MATERIAL FOR THIS EXERCISE: Begin

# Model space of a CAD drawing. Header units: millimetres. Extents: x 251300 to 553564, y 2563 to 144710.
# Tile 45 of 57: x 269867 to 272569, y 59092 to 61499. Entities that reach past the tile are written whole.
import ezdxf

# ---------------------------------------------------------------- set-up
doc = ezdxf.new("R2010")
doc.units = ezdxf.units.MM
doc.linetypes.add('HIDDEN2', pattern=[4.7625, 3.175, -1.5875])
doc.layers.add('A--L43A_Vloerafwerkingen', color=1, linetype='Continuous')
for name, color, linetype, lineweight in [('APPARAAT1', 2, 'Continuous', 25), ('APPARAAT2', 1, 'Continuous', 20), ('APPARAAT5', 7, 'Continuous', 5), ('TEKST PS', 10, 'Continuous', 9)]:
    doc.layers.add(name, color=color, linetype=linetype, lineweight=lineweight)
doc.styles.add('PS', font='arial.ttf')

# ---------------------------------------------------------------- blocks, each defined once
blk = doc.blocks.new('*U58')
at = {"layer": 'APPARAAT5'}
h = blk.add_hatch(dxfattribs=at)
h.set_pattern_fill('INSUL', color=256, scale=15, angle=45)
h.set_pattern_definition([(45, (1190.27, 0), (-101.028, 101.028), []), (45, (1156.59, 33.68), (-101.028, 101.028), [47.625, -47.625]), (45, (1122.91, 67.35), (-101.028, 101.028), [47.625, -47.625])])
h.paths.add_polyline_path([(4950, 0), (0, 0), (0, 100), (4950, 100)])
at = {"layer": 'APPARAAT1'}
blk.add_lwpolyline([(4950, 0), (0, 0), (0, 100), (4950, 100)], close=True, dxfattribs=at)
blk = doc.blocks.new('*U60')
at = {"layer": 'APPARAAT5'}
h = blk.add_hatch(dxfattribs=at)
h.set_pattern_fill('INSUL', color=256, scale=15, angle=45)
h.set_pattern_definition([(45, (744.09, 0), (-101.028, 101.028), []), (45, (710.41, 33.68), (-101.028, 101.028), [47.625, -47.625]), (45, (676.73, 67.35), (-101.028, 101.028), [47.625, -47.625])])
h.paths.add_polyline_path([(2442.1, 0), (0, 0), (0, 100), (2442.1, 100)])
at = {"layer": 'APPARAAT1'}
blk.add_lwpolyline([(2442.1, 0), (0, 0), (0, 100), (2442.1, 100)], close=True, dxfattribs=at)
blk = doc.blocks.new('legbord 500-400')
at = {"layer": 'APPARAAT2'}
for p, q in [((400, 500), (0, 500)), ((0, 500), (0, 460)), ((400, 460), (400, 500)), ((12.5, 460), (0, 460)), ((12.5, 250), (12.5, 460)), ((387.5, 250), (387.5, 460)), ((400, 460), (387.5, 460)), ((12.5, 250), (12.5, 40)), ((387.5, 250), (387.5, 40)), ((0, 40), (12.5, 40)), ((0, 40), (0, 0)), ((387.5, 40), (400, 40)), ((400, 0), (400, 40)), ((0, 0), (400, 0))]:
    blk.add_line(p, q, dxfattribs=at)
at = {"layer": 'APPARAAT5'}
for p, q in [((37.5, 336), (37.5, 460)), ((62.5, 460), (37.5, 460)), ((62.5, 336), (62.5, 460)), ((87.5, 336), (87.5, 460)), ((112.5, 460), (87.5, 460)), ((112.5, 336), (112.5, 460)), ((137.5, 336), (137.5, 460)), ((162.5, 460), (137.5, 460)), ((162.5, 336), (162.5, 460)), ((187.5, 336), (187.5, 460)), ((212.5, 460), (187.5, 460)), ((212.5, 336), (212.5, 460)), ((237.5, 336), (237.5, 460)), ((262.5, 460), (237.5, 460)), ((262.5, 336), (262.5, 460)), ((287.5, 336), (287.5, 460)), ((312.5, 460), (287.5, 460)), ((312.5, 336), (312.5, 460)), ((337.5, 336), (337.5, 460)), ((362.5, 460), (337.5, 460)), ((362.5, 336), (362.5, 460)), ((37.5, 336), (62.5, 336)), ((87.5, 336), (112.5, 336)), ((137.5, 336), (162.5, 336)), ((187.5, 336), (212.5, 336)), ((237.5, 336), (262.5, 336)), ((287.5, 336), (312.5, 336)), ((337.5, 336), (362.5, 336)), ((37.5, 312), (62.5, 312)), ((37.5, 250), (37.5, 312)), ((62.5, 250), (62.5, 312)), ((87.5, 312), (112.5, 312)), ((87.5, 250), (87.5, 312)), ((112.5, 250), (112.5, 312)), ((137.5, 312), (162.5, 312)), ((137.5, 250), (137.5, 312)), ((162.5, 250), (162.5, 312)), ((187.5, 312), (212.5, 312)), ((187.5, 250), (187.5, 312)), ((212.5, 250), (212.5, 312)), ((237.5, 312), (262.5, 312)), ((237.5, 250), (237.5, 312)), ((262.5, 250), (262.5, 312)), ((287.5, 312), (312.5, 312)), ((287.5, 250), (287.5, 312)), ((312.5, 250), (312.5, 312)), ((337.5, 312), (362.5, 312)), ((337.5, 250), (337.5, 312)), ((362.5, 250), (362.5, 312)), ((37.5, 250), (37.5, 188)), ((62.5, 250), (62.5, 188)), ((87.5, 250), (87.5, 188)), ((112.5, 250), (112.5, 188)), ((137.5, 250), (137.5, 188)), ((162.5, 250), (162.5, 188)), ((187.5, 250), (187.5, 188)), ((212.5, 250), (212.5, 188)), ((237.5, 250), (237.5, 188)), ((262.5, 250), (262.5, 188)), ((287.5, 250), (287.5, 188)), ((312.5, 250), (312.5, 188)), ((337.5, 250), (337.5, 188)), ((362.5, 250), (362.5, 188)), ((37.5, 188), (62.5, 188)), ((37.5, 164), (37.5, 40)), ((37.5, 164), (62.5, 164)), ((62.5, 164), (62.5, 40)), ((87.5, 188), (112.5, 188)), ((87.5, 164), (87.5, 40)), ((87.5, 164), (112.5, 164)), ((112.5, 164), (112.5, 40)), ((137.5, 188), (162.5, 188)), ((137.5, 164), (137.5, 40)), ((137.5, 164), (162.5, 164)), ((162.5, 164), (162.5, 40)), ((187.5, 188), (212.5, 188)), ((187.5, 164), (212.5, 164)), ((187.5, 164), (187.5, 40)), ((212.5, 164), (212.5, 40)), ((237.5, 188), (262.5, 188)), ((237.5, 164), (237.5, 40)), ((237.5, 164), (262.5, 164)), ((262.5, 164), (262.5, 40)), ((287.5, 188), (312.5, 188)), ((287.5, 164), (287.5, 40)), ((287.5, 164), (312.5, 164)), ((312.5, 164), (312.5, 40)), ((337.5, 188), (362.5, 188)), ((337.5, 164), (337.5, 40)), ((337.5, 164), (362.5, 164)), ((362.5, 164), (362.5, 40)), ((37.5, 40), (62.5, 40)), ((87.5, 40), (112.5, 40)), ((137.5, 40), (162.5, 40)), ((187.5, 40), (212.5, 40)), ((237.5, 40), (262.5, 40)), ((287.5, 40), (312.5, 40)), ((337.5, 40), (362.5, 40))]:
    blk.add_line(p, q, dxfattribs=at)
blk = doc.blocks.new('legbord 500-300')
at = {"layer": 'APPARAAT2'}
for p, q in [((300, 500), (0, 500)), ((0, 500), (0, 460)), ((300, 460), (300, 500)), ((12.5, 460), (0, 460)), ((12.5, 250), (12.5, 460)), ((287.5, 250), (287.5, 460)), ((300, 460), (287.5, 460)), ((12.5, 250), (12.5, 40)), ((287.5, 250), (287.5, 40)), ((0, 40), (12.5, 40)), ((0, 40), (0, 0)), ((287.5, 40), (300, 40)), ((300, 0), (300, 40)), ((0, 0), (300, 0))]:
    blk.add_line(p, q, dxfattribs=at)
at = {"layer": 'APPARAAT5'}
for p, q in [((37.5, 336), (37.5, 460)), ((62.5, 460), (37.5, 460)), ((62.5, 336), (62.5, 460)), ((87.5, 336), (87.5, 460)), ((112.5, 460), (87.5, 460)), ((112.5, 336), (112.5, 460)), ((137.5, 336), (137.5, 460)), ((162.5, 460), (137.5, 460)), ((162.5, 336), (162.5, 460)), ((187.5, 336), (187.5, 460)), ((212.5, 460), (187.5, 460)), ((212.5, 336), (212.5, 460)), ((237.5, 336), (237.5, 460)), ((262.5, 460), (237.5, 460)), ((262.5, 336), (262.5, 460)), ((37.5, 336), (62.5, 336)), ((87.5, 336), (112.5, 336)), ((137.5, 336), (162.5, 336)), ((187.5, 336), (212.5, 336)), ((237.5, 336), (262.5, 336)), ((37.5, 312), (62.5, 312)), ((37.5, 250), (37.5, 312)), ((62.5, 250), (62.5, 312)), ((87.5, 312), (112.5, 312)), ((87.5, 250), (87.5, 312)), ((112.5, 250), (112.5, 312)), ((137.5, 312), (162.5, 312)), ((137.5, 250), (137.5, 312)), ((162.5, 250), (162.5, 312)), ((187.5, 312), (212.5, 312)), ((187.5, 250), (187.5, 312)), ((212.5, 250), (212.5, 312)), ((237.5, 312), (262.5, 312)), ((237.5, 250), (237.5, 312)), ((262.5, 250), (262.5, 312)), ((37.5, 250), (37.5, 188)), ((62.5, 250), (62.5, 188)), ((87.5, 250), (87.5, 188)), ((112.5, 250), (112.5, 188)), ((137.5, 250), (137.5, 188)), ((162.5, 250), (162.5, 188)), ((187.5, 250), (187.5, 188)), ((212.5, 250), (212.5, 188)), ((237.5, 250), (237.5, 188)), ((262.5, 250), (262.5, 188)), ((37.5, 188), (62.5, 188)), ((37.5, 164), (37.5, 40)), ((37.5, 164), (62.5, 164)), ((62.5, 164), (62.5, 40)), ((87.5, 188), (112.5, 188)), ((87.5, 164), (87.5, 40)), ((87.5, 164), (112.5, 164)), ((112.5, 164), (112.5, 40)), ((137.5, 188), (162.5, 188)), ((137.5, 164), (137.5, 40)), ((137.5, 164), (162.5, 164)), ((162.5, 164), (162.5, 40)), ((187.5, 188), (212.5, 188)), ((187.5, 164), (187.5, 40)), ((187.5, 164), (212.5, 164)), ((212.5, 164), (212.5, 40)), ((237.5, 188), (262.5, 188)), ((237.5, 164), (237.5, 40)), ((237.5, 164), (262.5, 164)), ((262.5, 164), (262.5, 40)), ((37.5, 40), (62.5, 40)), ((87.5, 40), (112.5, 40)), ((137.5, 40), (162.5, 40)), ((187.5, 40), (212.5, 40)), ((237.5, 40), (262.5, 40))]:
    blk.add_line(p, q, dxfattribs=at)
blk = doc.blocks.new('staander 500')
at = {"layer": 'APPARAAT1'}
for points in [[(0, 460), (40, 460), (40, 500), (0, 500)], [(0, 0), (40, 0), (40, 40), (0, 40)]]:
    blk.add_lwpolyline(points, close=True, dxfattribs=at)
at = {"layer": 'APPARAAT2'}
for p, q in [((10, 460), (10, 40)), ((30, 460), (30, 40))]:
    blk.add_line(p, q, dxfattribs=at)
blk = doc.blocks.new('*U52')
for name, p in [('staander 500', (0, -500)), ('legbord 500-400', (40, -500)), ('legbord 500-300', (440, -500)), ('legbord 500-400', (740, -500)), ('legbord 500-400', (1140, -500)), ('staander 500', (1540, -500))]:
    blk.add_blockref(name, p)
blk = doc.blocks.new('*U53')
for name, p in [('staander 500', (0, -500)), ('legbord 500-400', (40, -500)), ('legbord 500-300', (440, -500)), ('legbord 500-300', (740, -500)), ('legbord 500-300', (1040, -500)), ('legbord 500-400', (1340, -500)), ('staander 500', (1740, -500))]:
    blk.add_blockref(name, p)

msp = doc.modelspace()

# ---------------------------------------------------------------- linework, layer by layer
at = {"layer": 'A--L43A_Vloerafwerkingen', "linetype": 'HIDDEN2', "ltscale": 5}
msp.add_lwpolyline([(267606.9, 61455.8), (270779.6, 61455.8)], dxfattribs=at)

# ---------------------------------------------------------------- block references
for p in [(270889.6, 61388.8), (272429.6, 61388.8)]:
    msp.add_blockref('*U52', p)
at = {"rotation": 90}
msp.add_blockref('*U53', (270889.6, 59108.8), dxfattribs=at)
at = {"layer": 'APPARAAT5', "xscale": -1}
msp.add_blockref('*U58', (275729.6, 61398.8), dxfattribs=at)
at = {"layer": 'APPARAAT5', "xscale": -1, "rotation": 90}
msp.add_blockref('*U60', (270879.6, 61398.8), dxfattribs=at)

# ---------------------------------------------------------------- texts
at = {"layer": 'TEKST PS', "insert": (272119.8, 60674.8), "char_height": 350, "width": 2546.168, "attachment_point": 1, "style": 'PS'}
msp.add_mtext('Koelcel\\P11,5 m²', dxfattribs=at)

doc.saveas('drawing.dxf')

MATERIAL FOR THIS EXERCISE: End

For each line above that contains "True", make a copy.

blk.add_lwpolyline([(4950, 0), (0, 0), (0, 100), (4950, 100)], close=True, dxfattribs=at)
blk.add_lwpolyline([(2442.1, 0), (0, 0), (0, 100), (2442.1, 100)], close=True, dxfattribs=at)
    blk.add_lwpolyline(points, close=True, dxfattribs=at)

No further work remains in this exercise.